TASK GOAL: Take the records below from their first line to the line with "Offer a terse response. Amount", and restate those lines word for word.

Stored data entries
■ ■ ■
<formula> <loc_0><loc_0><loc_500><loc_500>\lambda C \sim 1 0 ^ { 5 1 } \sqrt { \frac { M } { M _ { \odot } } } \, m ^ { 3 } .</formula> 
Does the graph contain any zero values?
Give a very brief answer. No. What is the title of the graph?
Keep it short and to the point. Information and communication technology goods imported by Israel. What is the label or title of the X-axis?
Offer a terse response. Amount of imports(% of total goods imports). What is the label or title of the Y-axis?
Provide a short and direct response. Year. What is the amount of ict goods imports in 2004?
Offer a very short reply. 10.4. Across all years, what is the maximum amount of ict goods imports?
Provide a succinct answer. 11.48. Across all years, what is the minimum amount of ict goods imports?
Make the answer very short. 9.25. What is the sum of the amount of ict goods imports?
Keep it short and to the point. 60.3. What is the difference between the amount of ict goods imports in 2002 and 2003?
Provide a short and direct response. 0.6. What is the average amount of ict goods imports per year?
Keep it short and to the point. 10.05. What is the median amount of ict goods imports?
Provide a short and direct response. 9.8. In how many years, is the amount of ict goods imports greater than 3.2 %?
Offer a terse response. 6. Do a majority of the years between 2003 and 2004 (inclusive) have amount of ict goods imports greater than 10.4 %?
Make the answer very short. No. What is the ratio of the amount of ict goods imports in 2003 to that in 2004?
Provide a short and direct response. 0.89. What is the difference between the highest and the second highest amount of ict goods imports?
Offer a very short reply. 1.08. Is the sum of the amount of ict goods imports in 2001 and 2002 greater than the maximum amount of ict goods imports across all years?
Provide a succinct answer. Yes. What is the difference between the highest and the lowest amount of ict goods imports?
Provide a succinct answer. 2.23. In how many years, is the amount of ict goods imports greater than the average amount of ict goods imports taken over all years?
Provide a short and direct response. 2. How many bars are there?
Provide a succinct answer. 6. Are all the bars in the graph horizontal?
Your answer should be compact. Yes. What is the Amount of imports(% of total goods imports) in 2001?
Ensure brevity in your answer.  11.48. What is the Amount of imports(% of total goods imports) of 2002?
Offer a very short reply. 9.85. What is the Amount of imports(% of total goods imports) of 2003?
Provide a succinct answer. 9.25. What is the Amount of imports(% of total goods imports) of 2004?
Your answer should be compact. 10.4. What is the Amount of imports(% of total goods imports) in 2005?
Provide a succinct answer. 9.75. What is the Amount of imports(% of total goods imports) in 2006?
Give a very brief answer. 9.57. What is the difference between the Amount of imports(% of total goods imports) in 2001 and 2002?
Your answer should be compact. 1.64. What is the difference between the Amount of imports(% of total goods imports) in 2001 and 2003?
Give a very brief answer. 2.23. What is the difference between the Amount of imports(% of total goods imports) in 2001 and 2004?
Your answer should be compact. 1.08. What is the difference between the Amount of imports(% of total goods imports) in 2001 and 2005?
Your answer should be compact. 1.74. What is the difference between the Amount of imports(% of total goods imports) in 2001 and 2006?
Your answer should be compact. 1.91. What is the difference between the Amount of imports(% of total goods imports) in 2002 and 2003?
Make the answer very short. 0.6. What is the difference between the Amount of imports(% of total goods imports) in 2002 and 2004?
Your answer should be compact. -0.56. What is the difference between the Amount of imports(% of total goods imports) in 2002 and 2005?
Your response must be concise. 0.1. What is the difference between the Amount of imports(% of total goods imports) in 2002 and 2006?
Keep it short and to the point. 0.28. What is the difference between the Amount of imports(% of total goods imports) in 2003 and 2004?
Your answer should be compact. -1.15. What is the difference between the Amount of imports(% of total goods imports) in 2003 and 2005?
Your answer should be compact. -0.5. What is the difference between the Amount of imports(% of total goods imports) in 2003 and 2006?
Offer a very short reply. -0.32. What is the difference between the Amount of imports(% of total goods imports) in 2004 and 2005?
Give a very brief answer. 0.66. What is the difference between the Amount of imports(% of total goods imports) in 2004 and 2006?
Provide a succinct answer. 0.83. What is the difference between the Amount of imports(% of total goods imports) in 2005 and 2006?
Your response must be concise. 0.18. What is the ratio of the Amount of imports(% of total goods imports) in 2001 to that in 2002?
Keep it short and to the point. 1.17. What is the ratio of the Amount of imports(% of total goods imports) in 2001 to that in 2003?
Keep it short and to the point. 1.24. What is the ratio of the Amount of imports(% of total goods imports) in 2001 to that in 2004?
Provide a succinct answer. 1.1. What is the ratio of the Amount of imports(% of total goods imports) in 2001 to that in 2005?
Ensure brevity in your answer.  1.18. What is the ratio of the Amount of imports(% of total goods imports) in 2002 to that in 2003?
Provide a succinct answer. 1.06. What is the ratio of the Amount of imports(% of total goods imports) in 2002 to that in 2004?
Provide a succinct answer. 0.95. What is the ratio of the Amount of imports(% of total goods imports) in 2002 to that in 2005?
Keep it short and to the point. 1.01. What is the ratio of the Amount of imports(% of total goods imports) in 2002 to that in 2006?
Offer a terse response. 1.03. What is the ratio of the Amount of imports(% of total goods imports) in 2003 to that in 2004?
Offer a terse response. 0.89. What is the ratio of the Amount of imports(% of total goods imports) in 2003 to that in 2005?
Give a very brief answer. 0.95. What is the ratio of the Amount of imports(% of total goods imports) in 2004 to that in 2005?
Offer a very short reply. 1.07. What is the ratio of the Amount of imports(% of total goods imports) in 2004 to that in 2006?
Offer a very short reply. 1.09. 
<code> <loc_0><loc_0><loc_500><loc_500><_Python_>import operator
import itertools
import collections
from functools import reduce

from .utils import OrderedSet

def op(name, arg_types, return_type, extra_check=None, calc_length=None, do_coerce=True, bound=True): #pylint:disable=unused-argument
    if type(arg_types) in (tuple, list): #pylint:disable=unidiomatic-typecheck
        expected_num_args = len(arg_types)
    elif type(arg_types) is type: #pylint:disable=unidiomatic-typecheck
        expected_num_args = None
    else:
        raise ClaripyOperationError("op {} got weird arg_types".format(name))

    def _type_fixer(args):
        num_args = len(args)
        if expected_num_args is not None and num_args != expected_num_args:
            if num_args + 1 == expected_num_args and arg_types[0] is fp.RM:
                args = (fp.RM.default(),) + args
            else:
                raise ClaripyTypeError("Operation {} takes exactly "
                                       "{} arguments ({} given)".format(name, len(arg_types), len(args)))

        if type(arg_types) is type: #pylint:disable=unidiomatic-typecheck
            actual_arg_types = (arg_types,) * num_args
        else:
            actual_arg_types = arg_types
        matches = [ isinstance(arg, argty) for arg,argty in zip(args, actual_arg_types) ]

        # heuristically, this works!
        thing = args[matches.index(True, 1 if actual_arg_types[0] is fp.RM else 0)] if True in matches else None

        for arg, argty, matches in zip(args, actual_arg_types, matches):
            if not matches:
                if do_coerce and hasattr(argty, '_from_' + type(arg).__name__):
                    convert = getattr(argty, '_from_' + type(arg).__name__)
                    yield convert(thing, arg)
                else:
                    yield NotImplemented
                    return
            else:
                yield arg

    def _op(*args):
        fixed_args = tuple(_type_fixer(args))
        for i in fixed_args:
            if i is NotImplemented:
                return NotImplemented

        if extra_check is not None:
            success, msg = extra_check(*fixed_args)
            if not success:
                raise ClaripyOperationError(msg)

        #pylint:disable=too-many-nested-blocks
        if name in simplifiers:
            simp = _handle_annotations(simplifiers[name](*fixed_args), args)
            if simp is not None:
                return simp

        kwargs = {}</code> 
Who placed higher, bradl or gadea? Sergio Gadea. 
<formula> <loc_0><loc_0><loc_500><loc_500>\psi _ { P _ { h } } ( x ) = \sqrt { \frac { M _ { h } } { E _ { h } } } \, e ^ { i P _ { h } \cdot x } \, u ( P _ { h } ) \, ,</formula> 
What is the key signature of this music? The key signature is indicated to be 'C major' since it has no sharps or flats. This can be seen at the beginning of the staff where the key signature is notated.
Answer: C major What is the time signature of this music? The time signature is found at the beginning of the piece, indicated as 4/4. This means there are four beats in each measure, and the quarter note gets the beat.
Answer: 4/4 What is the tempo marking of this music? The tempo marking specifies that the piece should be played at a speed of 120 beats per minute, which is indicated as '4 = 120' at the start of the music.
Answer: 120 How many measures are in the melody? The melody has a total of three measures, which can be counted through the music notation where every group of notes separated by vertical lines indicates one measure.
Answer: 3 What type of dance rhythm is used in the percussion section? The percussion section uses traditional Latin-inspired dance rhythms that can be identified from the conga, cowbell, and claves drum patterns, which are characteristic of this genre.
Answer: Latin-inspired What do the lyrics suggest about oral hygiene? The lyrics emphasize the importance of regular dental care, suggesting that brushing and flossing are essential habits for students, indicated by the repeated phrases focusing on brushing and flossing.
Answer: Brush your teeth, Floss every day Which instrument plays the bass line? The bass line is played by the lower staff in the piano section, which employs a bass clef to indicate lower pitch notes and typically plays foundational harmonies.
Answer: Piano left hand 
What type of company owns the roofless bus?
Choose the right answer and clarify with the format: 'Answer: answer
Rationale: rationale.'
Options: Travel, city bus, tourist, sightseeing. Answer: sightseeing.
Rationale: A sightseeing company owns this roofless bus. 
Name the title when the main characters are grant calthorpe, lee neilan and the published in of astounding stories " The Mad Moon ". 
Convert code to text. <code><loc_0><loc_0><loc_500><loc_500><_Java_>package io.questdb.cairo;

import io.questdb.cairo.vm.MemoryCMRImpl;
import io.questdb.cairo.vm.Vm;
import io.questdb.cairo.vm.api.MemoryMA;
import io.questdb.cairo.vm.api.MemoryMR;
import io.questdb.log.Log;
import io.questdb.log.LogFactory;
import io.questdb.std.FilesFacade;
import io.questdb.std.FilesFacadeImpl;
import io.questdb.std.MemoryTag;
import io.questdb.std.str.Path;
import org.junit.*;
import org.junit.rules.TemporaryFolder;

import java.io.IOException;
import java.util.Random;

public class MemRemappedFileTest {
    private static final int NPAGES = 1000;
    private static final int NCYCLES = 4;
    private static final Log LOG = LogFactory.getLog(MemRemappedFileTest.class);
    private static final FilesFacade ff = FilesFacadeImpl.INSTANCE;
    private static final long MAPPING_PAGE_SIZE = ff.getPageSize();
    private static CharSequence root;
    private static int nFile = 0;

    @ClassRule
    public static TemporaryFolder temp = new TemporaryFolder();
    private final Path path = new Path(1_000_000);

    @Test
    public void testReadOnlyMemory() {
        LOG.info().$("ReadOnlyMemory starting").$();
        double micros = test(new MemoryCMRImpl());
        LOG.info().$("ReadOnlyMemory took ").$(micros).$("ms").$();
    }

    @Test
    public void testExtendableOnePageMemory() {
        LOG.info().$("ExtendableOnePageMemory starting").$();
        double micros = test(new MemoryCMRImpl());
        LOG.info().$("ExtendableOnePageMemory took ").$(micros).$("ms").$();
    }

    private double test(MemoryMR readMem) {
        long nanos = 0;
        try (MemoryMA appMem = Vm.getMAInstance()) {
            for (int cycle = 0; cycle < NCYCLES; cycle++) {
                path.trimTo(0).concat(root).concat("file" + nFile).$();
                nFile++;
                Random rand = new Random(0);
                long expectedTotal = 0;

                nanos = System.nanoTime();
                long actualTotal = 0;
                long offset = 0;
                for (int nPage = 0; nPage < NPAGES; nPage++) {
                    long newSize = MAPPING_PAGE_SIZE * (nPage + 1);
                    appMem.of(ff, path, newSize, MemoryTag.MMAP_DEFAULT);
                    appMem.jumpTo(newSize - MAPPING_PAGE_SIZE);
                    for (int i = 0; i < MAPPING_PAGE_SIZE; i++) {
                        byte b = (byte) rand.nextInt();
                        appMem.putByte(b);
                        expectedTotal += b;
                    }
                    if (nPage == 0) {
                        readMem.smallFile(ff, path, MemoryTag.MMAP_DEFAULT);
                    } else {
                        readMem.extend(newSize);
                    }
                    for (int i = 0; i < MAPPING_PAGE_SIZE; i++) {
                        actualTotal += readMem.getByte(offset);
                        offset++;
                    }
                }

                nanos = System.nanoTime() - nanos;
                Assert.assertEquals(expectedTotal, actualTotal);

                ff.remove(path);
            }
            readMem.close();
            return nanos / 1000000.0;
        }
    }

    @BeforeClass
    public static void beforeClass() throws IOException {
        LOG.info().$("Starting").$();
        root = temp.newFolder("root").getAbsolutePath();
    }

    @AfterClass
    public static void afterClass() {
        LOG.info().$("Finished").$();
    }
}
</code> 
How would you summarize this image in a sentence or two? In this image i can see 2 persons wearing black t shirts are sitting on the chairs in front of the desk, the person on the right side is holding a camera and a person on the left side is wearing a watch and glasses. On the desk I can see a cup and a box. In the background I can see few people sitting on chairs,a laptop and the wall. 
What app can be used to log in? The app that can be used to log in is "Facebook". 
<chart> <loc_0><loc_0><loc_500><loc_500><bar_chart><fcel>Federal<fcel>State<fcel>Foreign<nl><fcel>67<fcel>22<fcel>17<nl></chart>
■ ■ ■
TASK ANSWER:
<formula> <loc_0><loc_0><loc_500><loc_500>\lambda C \sim 1 0 ^ { 5 1 } \sqrt { \frac { M } { M _ { \odot } } } \, m ^ { 3 } .</formula> 
Does the graph contain any zero values?
Give a very brief answer. No. What is the title of the graph?
Keep it short and to the point. Information and communication technology goods imported by Israel. What is the label or title of the X-axis?
Offer a terse response. Amount of imports(% of total goods imports). What is the label or title of the Y-axis?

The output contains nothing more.